Obtain the Elements of a Collection having the identical subset of Properties using Stream API-CodePudding

I have the following code:

List<MyObject> filteredObjects = myObjects.stream()
    .filter(anObject -> 
        Collections.frequency(myObjects, anObject) > 1
    )
    .collect(Collectors.toList());

Which does the job of getting me the objects from the Collection of MyObject that occur more than once.

I need to modify this code so that it gives me the objects that match one another not according to the equals(), but based on a subset of properties.

So if MyObject has properties: foo, bar and baz.

public static class MyObject {
    private Foo foo;
    private Bar bar;
    private Baz baz;
    
    // constructor, getters, etc.
}

I want the to get the objects that have a corresponding object in the collection with the same values of foo and bar.

CodePudding user response：

You can create a custom object that encompasses these properties (foo, bar) that require to match and generate an auxiliary Map using such objects as a key.

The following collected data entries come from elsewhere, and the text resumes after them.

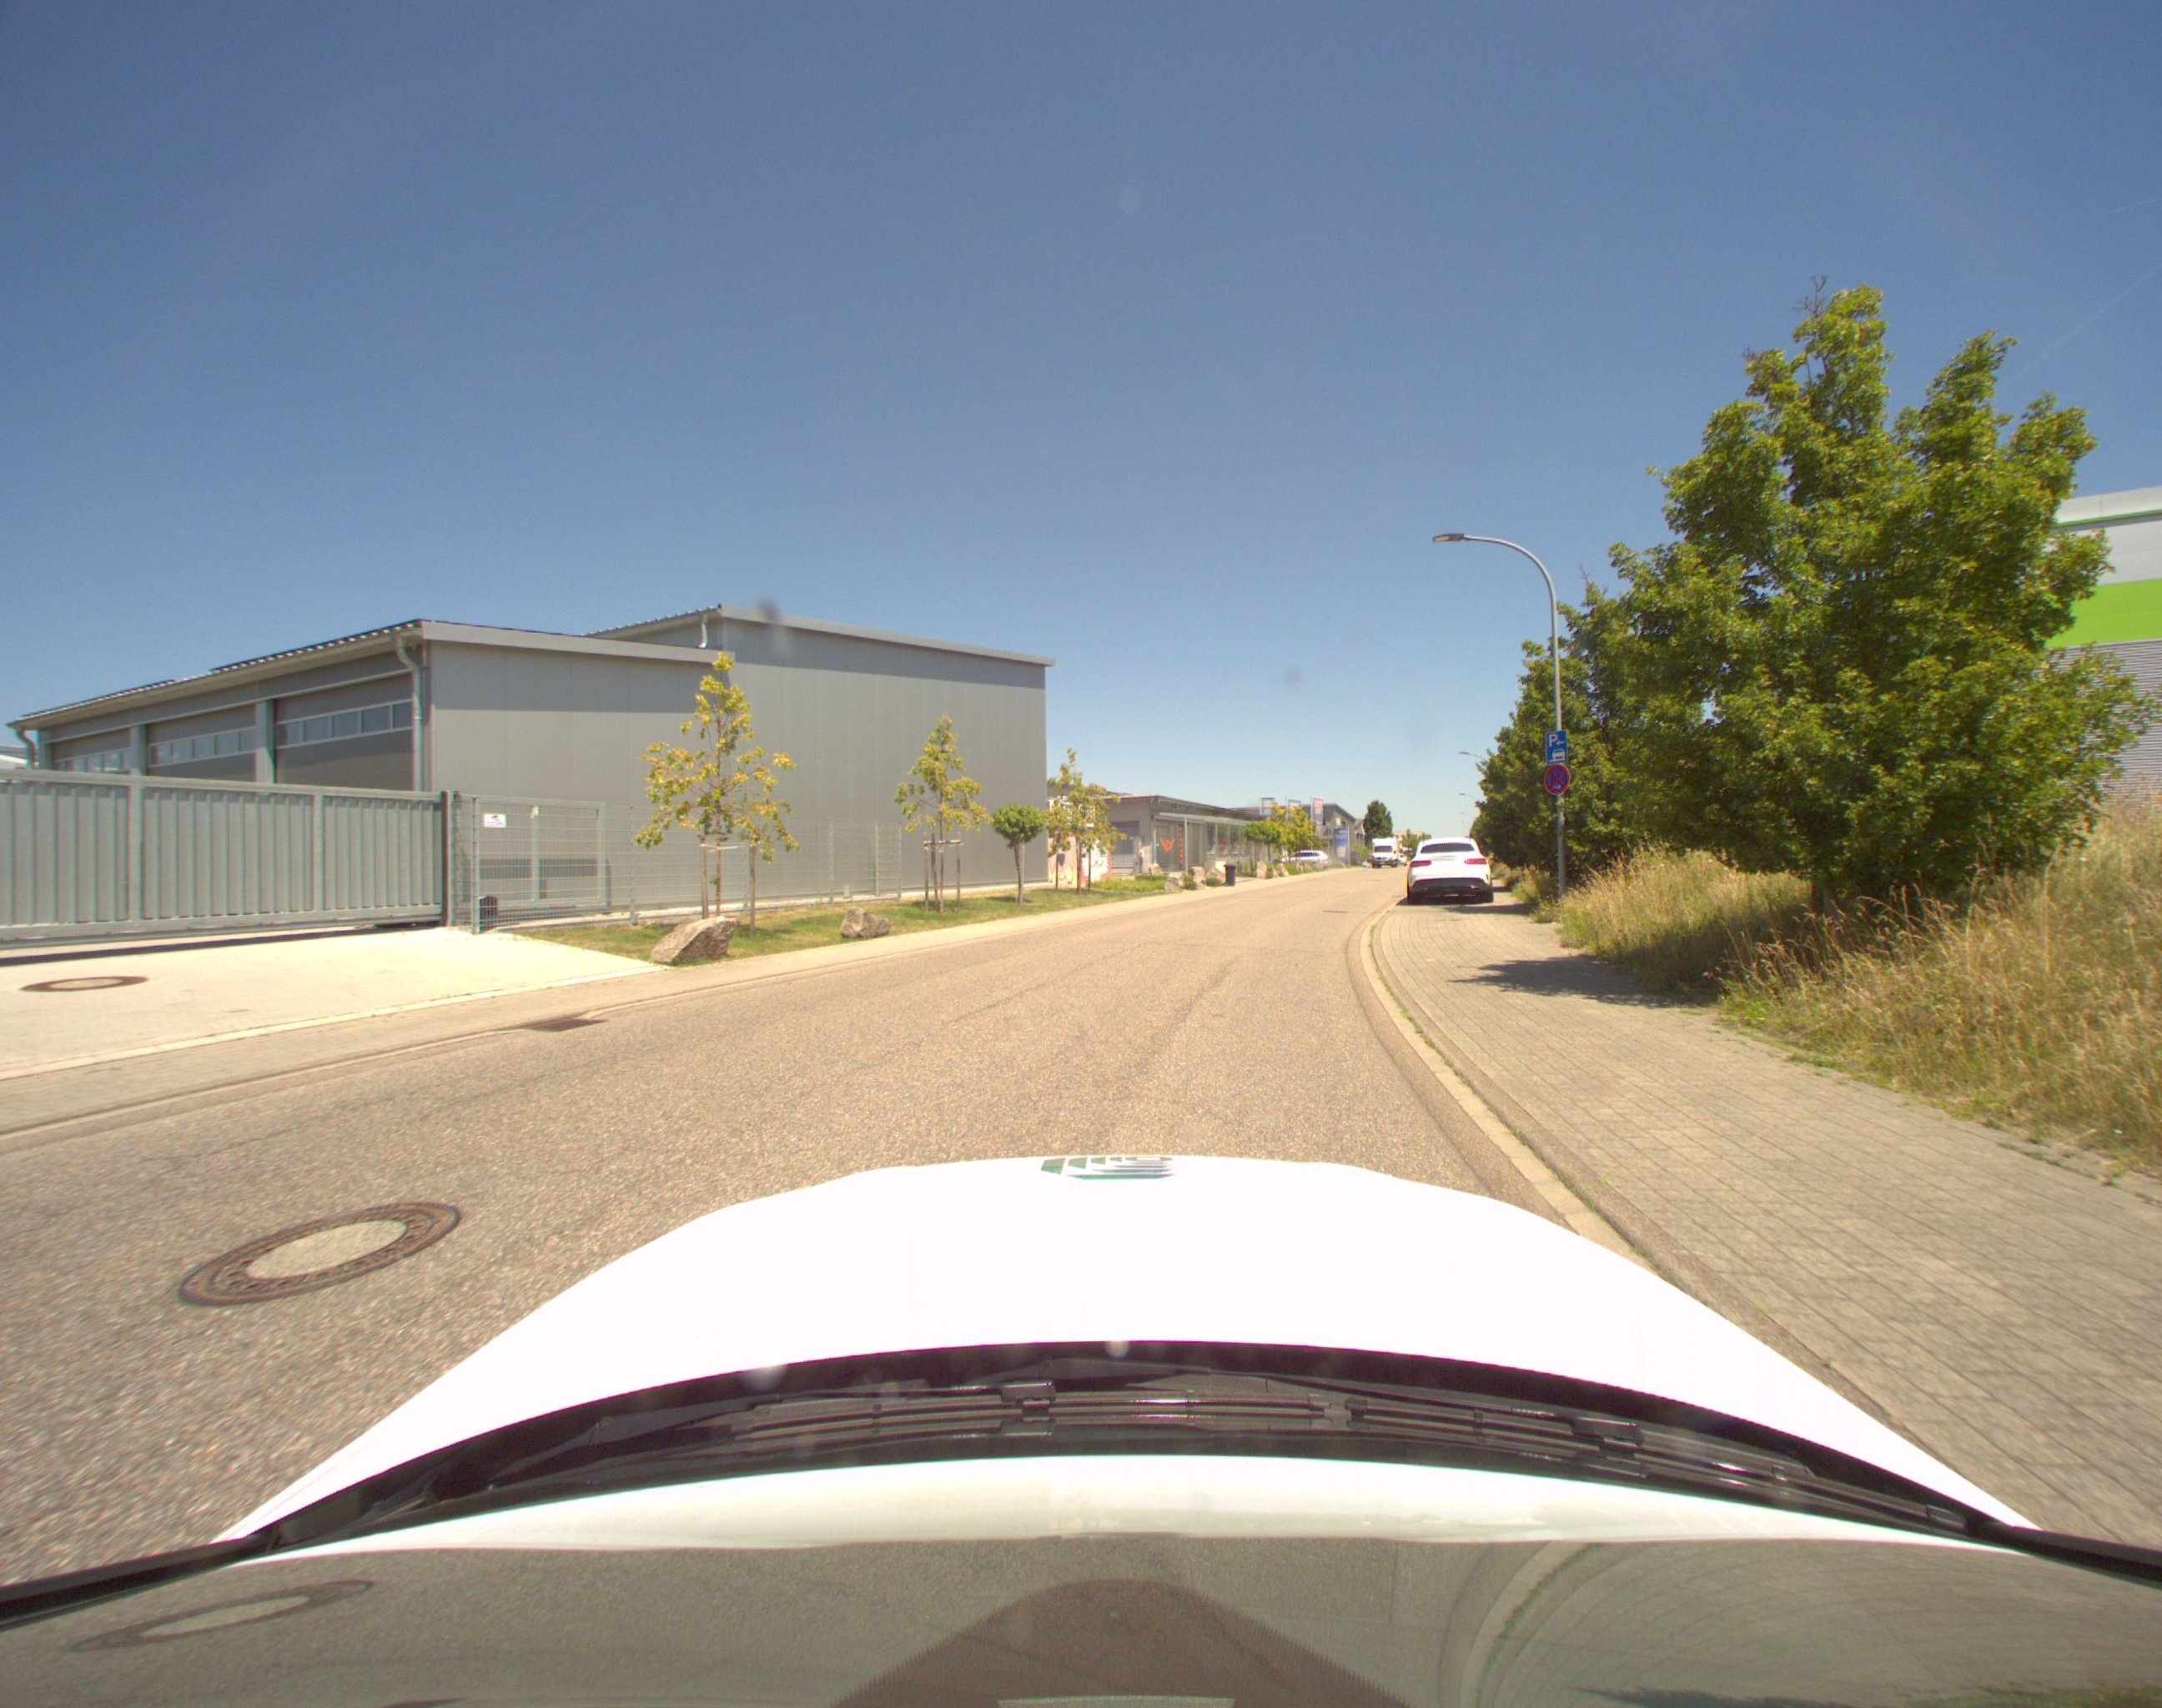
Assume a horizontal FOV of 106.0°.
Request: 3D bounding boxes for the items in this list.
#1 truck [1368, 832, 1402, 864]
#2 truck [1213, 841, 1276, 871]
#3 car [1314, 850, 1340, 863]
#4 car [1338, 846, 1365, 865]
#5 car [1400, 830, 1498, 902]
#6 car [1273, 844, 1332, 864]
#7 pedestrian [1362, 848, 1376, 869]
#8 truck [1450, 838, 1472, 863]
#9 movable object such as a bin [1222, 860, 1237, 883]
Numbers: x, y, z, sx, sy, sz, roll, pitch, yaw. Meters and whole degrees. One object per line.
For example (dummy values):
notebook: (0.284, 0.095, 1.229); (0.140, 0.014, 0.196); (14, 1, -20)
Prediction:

In the code below for conciseness I'm using Java 16 record to define a key, if you're using an earlier JDK version it can be replaced with a class.

record Key(Object foo, Object bar) {
    public Key(MyObject o) {
        this(o.getFoo(), o.getBar());
    }
}

When you have a Map associating all objects having equal set of properties with the same key on your hands, the only thing left is to filter the values having size greater than 1.

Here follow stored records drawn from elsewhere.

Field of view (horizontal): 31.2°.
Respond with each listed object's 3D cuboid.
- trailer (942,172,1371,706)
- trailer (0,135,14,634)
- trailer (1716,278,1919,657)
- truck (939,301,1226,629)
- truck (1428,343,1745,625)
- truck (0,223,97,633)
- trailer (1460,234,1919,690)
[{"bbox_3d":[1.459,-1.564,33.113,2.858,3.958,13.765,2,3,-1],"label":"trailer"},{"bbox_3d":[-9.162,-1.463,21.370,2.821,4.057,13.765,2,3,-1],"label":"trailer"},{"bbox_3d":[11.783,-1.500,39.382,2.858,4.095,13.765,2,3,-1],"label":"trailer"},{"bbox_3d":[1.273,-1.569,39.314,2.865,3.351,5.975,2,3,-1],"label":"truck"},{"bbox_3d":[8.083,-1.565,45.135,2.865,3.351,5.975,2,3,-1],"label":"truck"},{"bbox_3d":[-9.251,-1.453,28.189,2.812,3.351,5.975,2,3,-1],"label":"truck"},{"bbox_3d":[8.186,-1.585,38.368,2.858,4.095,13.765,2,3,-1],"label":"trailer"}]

List<MyObject> filteredObjects = myObjects.stream()
    .collect(Collectors.groupingBy( // creates an intermediate Map<Key, List<MyObject>>
        Key::new
    ))
    .values().stream()               // Stream<List<MyObject>>
    .filter(list -> list.size() > 1)
    .flatMap(List::stream)           // Stream<MyObject>
    .toList();                       // for Java 16  or collect(Collectors.toList()) for earlier versions

In case if you need to preserve the encounter order of objects, you can use another version of the collector groupingBy() which allows to specify mapFactory:

Collectors.groupingBy(
    Key::new,
    LinkedHashMap::new,
    Collectors.toList()
)

CodePudding user response：

Taking an inspiration from Python's Counter:

static class Counter<T> {
    final ConcurrentMap<T, Integer> counts = new ConcurrentHashMap<>();

    public Counter<T> put(T it) {
        add(it, 1);
        return this;
    }

    public Counter<T> add(T it, int v) {
        counts.merge(it, v, Integer::sum);
        return this;
    }

    public List<T> frequencyGreaterThan(int n) {
        return counts
            .entrySet()
            .stream()
            .filter(e -> e.getValue() > n)
            .map(Entry::getKey)
            .collect(Collectors.toList());
    }
}

public static void main(String[] args) {
    Counter<String> counter = new Counter<>();
    counter
        .put("foo")
        .put("bar")
        .put("foo")
        .put("bar")
        .put("baz");

    // [bar, foo]
    System.out.println(counter.frequencyGreaterThan(1));
}

This uses a ConcurrentMap to maintain the frequency of elements with endless potential for methods on top.

I have added your example: frequencyGreaterThan and it can't get any more descriptive.